Musée No:325.186
Regular price £25.00Nude In Red Drape
Artist: Kenyon Cox
Date:1911
(1856 –1919) He was an American painter, illustrator, muralist, writer, art critic and teacher. In 1877 Cox moved to Paris like so many of his contemporaries to be a part of what he believed to be a sort of second renaissance in art. There he studied under Carolus-Duran at the École des Beaux-Arts. Cox wrote of Paris that there was "so much artistic material here that one might almost be content to stay here and paint for years…” After his return from Paris, in 1882, he became an influential and important teacher at the Art Students League of New York. Well known as a muralist during the boom years from 1897 to the 1920s, he provided works for the Library of Congress and several public buildings in New York City. Throughout his career, he emphasized the values of craftsmanship and of attachments to ongoing traditional ideals that emphasized harmony, order, and unity of artist and public. He became famous, or notorious, and an outspoken opponent of the trend toward modernism, which he believed glorified individual expression at the expense of communicating with an audience.
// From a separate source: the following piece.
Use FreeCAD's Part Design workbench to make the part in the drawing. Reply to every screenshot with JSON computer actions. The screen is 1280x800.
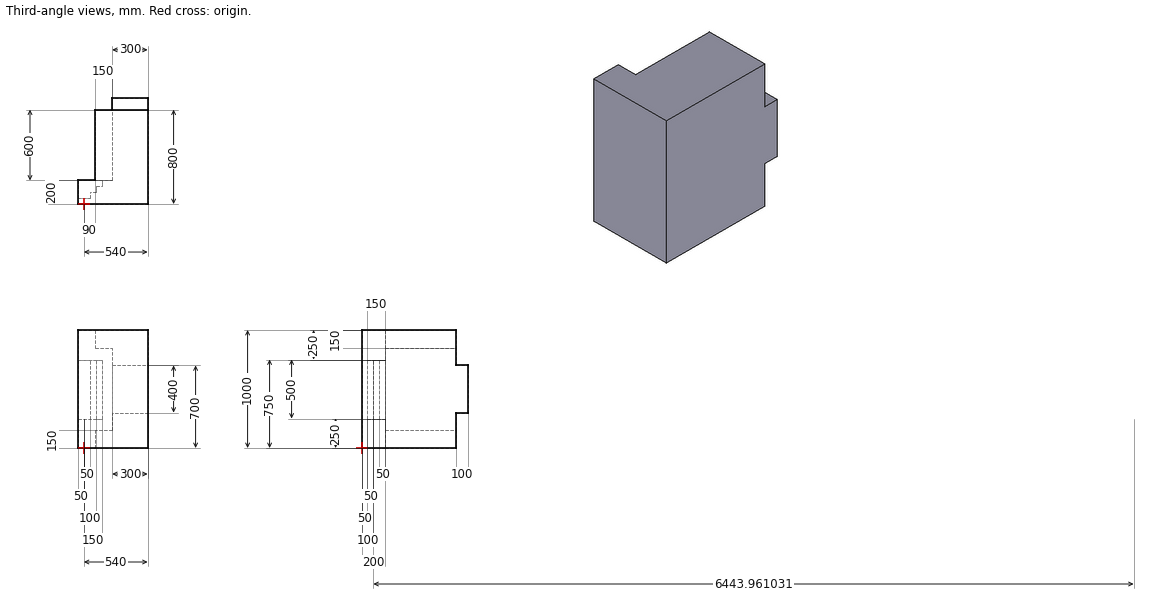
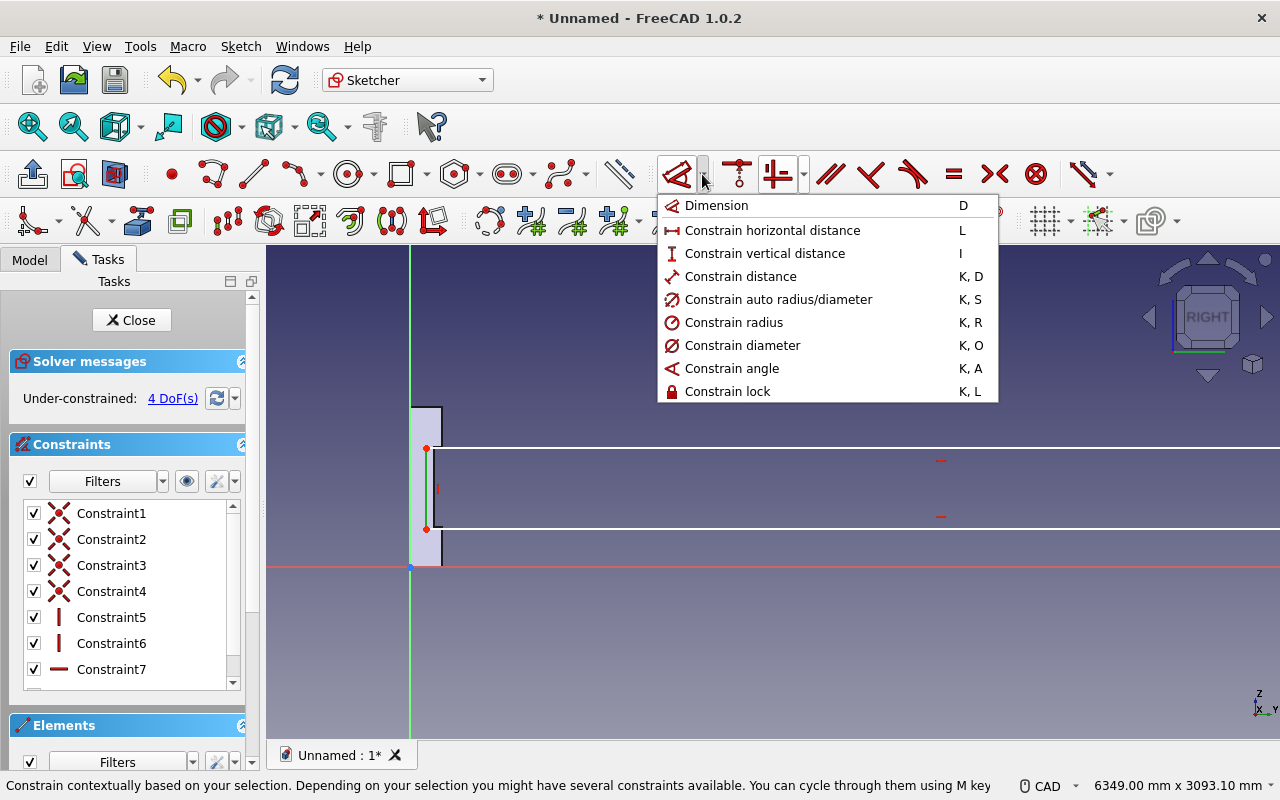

Kenyon Cox painted in the realistic manner and earned a reputation for landscapes, portraits and genre studies. His idealized nudes and traditional treatment of classical themes had little in common with the popular avant-garde art of the day. In 1891 a group of women protested against several of his nude paintings displayed at the Pennsylvania Academy of the Fine Arts annual show. Cox advocated the nude as an artistic subject but was often criticized because his nudes looked “too familiar”. For example, in this portrait the woman gazes into a nineteenth-century silver mirror, wears a fashionable pompadour hairstyle, and sits in a turn-of-the-century domestic interior with contemporary wallpaper. All very ‘now’, then. Cox based his treatment of the subject on classical and Renaissance models, but wanted his nudes to have “real flesh and bodily appearance” so they would appeal to modern tastes. Cox continued to paint, teach and write until his death on March 17, 1919.